Furthermore, a standard defensive cyber “hunting” tactic is comparing software found on a platform with “known-good” versions of that software. This often is not possible, however, for maritime control systems and niche maritime software unique to a given ship. The potential volume of false positives—software that requires further analysis to determine whether it is benign—on a single vessel requires both expert cybersecurity triage and advanced skills, such as software reverse engineering.
Shoreside best practices involve sending suspicious software to dedicated labs for analysis, while suspending or restricting operations until analysis is completed. When suspicious software is discovered at sea, however, limited bandwidth, operational security, and operational needs favor analyzing suspicious software on board. Within the Navy, only CWEs can do so in a deployed setting.

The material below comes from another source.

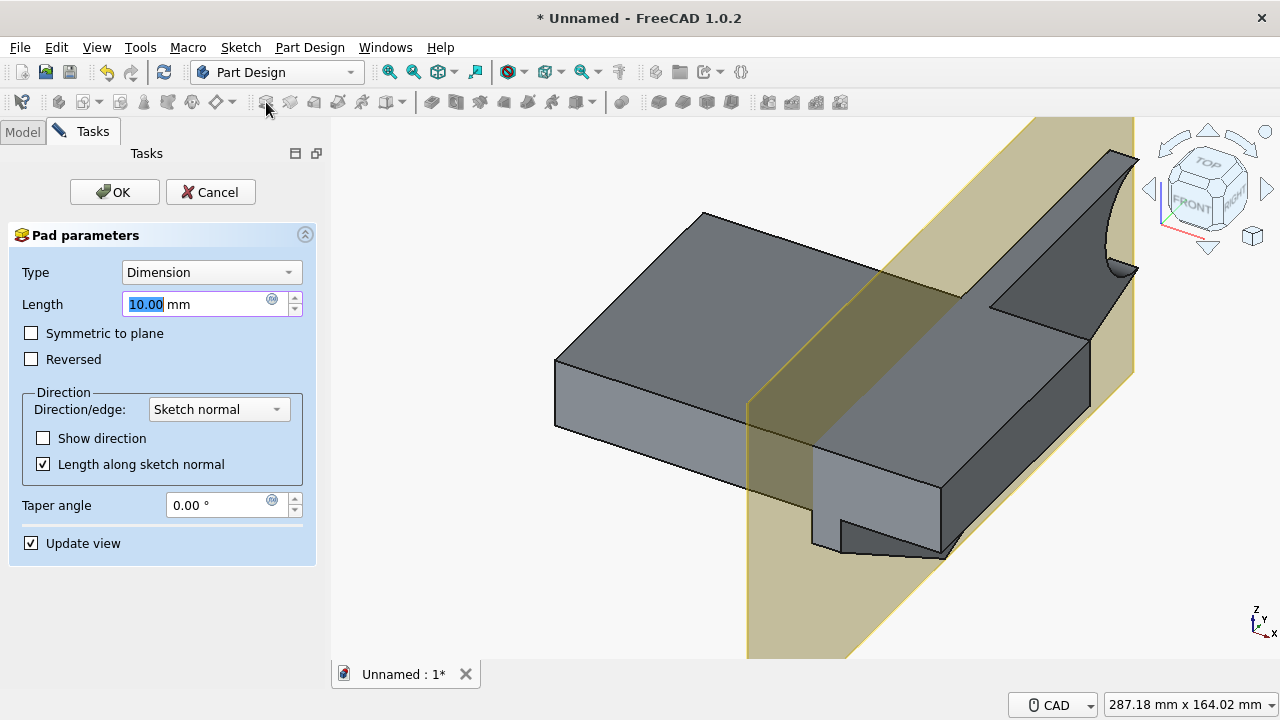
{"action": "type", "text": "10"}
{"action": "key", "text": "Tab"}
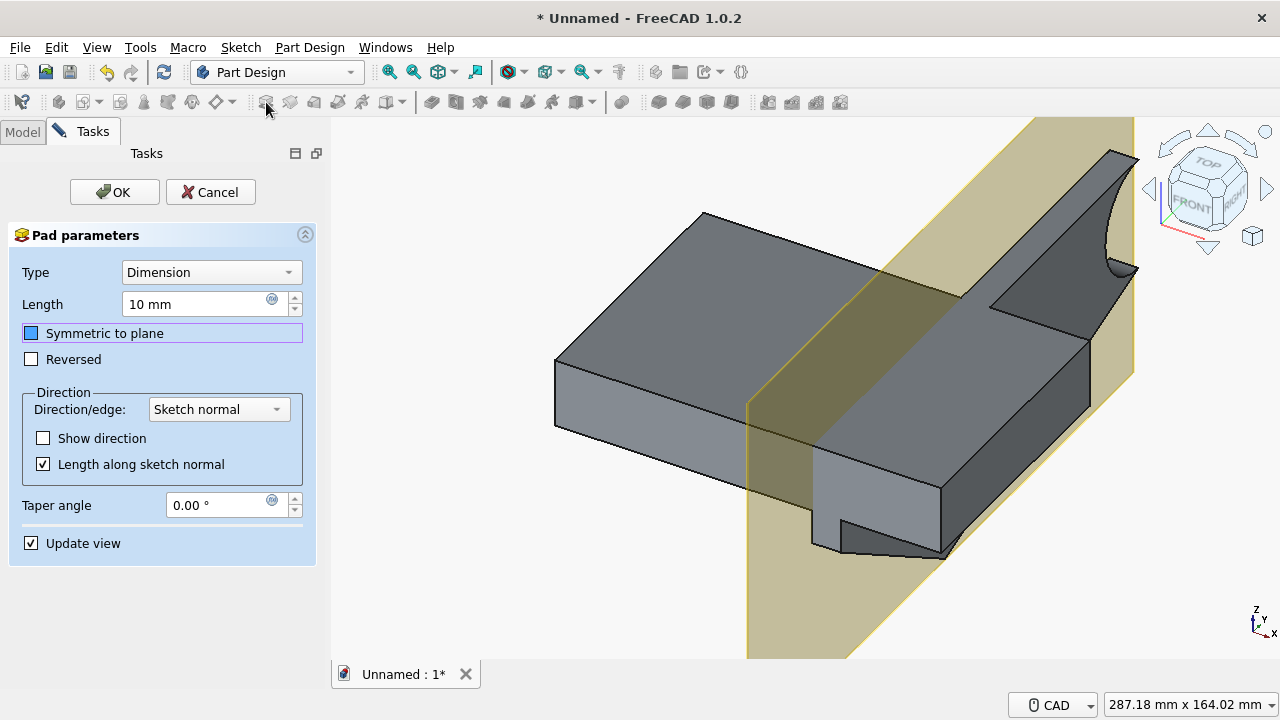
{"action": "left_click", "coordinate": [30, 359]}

CWEs on MSC ships also could establish and enhance the security baseline of shipboard systems and networks. This type of operational preparation of the environment (OPE) ensures advantage through conflict phase transitions, from cyber shaping to cyber effects. In the case of ships, cyber OPE includes developing platform-tailored cyber response and recovery plans. Whereas enterprise network environments—such as the Navy and Marine Corps Intranet—are characterized by common configuration guidance, common hardware builds, and (relatively) tight configuration controls that allow for common defensive cyber “playbooks,” shipboard systems and networks—especially the OT varieties—tend to evolve into unique “snowflakes” over time. This means that cyber response and recovery plans must be specific to each vessel, as well as consider the capabilities of ships’ crews. For example, vessels with larger crews may overcome some cyberattacks by shifting to manual processes requiring additional manned watches, while newer ships with more automation and smaller crews may not have this option. MSC-embedded CWEs could consider a vessel’s technical and manpower circumstances and tailor its cyber “battle plans” accordingly.

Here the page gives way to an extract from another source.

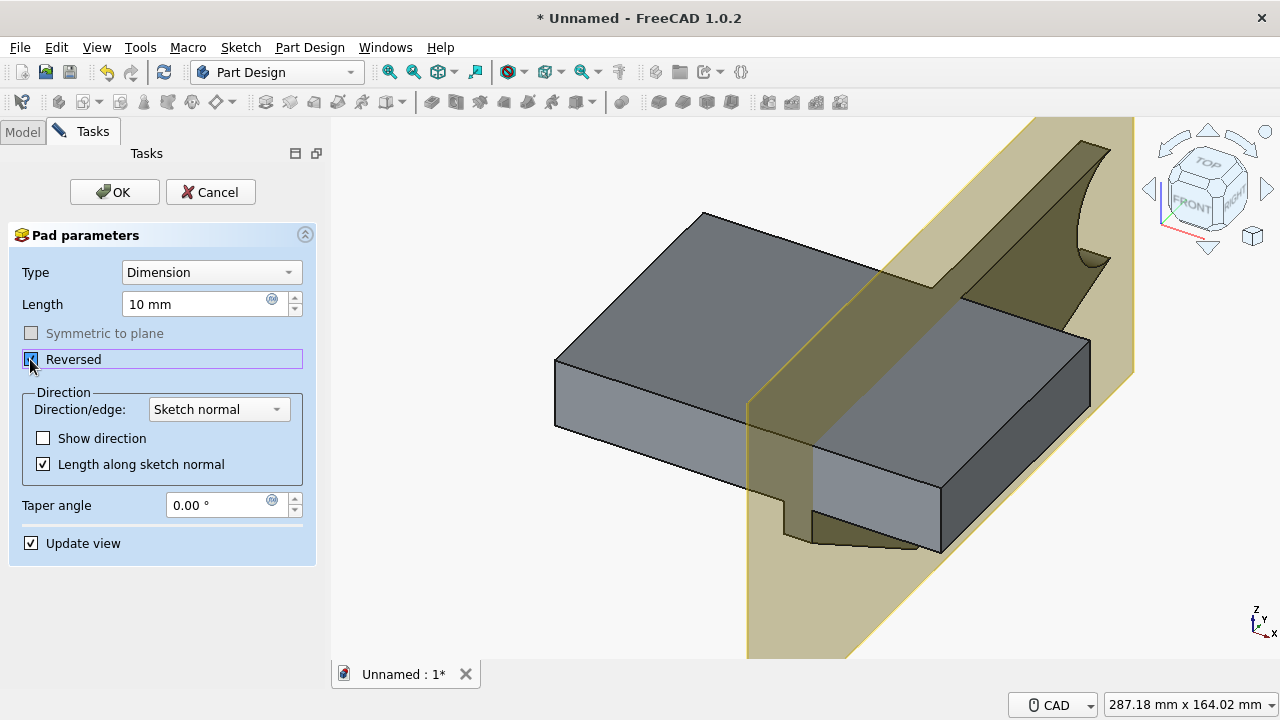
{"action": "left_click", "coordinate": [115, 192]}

Initially, the MSC should consider funding mid-grade CWE billets at the logistics task force staffs, such as at Commander, Task Force 73 in Singapore. From there, CWEs can be embarked on auxiliary and special-mission ships according to task force commander priorities, either individually or as part of small tactical advisory teams. A senior CWE billet should be funded at both the task force and MSC headquarters as a chief cyber engineer, to vet tactical-level decisions and recommendations from the more junior, embarked CWEs and be the in-house cyber warfare advisor to their respective commanders.
In the near term, CWEs operating on board MSC vessels is the best opportunity for their at-sea employment. It was once acceptable for a naval aviator to fling himself off a cruiser while strapped into a flying machine made of linen, wood, and motorcycle parts. Luckily for those early naval aviators, they had a far less onerous approval process for building and testing catapults than what is required to install a shipboard network switch today. The 20th-century Navy benefited from nearly 30 years of at-sea aviation development, experimentation, and operations before being war-tested by Japanese forces in the Pacific. Unfortunately for the 21st-century Navy, three decades will not pass before it is cyberwar-tested.
1. Also known as “industrial control systems” or “cyber-physical technologies.” In DoD-speak, these systems are often called “platform IT.”
2. Andrew Kinsey, “Cyber Security Threats Challenge International Shipping Industry,” Maritime Logistics Professional, 11 August 2021.